[Opening Collected material section]
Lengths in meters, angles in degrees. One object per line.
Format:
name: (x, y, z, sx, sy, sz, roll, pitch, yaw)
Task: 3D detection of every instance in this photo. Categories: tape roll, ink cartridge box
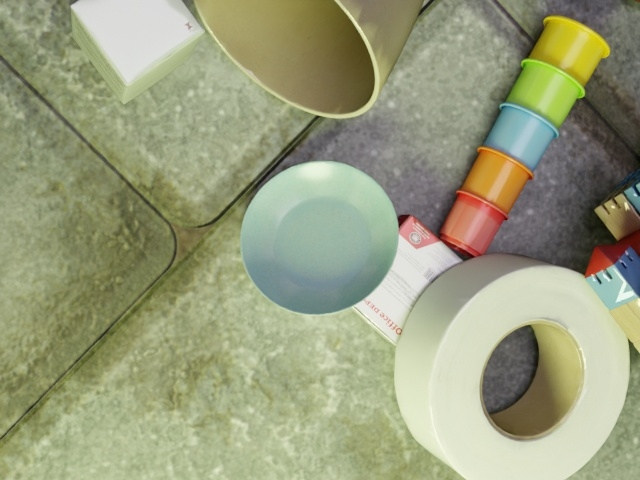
[Closing Collected material section]
Skip the images and set down the rest of the data unchanged.

Lengths in meters, angles in degrees. One object per line.
Format:
name: (x, y, z, sx, sy, sz, roll, pitch, yaw)
Task: 3D detection of every instance in this photo. Categories: tape roll, ink cartridge box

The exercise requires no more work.